I'm having surgery. It's a fact and it was scheduled for this morning, but was postponed at the last minute. It's a good move, healthwise. The doc wants a fancy schmancy specialists there to assist. I'm a complex medical wonder, so it's a good move on the docs part.
However... have you met me? Ahem.. I like things to be just "so". I like to be in control, I need it... Must have it. I like my life to be in the parameters of my comfort zone. So, you do not tell me that the event that I have been planning & preparing for is moved by two weeks.... without some major flip out.

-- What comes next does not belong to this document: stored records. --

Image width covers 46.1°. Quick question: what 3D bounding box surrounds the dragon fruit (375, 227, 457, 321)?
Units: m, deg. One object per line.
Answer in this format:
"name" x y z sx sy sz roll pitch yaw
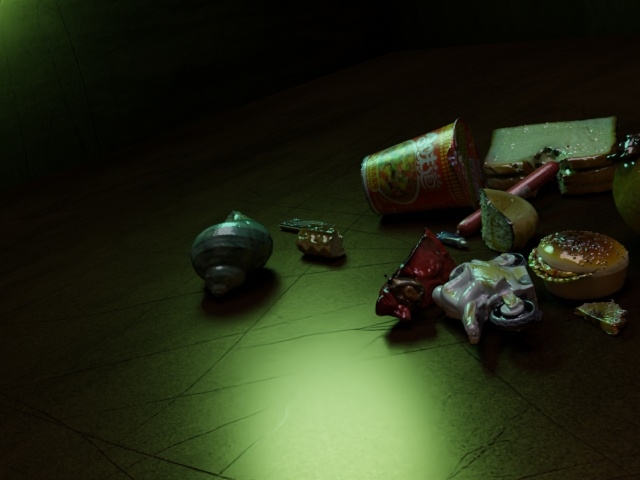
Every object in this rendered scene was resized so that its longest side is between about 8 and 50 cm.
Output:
"dragon fruit" 0.130 0.053 1.168 0.122 0.092 0.192 2 25 35

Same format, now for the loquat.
"loquat" 0.553 -0.098 1.119 0.244 0.244 0.244 -11 20 4

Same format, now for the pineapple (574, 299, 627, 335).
"pineapple" 0.381 0.099 1.002 0.045 0.019 0.083 -20 18 -10

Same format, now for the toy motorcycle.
"toy motorcycle" 0.233 0.077 1.074 0.151 0.074 0.228 -10 22 14

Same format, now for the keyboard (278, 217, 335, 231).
"keyboard" -0.030 -0.031 1.598 0.049 0.015 0.129 -28 25 -36

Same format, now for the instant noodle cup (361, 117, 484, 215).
"instant noodle cup" 0.202 -0.132 1.521 0.212 0.193 0.193 -11 19 26

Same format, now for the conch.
"conch" -0.168 0.021 1.401 0.176 0.122 0.188 -25 9 34

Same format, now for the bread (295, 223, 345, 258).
"bread" 0.000 0.000 1.441 0.110 0.060 0.066 8 58 46

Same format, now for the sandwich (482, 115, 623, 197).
"sandwich" 0.477 -0.168 1.538 0.273 0.095 0.249 -3 24 23

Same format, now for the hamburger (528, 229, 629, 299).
"hamburger" 0.374 0.031 1.095 0.141 0.081 0.126 -8 21 10

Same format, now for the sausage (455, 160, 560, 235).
"sausage" 0.348 -0.077 1.393 0.253 0.034 0.034 -33 24 -10

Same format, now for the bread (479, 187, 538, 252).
"bread" 0.325 -0.038 1.302 0.094 0.083 0.157 -18 32 -16

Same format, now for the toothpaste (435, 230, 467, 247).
"toothpaste" 0.236 -0.001 1.355 0.027 0.019 0.083 -44 28 -12
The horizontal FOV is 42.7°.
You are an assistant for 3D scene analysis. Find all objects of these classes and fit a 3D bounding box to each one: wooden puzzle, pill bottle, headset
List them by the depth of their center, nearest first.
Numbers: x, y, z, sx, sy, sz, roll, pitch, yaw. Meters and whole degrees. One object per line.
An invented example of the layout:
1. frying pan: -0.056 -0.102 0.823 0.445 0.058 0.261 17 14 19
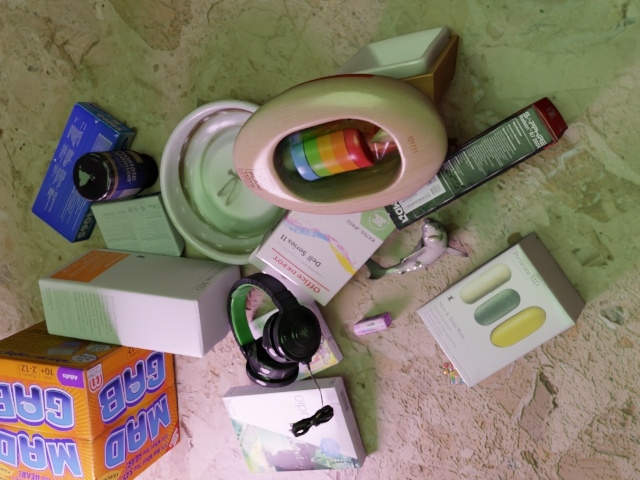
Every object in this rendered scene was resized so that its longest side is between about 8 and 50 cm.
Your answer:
1. wooden puzzle: 0.325 0.307 1.898 0.083 0.006 0.049 -7 96 25
2. headset: -0.106 0.263 1.900 0.394 0.185 0.243 52 138 18
3. pill bottle: -0.513 -0.168 2.074 0.123 0.219 0.123 4 101 23

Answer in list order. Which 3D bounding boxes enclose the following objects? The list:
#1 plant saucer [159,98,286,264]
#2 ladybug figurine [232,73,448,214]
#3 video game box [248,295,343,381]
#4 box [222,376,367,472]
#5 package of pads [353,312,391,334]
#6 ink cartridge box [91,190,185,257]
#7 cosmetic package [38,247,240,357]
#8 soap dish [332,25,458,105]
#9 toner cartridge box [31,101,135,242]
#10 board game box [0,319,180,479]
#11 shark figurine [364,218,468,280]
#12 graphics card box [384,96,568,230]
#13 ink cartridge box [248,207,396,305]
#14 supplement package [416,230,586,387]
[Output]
1. plant saucer: -0.195 -0.144 1.995 0.400 0.100 0.400 5 104 20
2. ladybug figurine: 0.033 -0.198 1.606 0.449 0.162 0.305 -8 132 24
3. video game box: -0.070 0.254 2.042 0.205 0.048 0.187 -28 85 25
4. box: -0.067 0.466 2.044 0.322 0.058 0.232 -10 107 26
5. package of pads: 0.125 0.198 1.945 0.083 0.050 0.032 -18 96 25
6. ink cartridge box: -0.473 -0.011 2.166 0.223 0.045 0.224 -6 113 25
7. cosmetic package: -0.448 0.148 2.068 0.453 0.230 0.161 6 113 20
8. soap dish: 0.163 -0.346 1.725 0.229 0.291 0.118 -8 115 24
9. toner cartridge box: -0.643 -0.182 2.209 0.165 0.075 0.348 35 111 14
10. board game box: -0.625 0.418 2.130 0.356 0.356 0.356 3 104 23
11. shark figurine: 0.218 0.010 1.866 0.278 0.166 0.116 -37 50 48
12. graphics card box: 0.319 -0.162 1.701 0.371 0.233 0.094 -32 91 26
13. ink cartridge box: 0.000 0.000 1.858 0.207 0.119 0.353 37 111 -9
14. supplement package: 0.386 0.142 1.739 0.262 0.198 0.199 -37 82 24

And people... it was a MAJOR flipout. Mr. Man actually got the call and details from the doc , and I swear there was terror in his eyes as he relayed the news. I know he was fearing the inevitable. He kept giving me a few details and then paused.... "um... Wendy.. say something". I calmly responded with "Go ahead" and then when he was all done.... all hell broke loose inside my head. It was as if my very neat and tidy box just crumpled.
I believe I kept screaming "What do I do with 120lbs of dog food?" "I bought 7 gallons of milk" "We have every frozen meal option Trader Joes & Whole Foods offers... what happens now"
It took about an hour of hyperventilating, screaming, and some pacing to calm down. Then I had the aftershock flip out, which was quickly remedied by my pal reminding me she would tell blatant lies of my wit and charm at my funeral to get me to calm down.
Anyway.. good news. I have NOTHING, I mean NOTHING going on the next two weeks. How is that possible? I am not even sure what to do with myself. I think I'll have to spend the next week repairing my nice and tidy little box.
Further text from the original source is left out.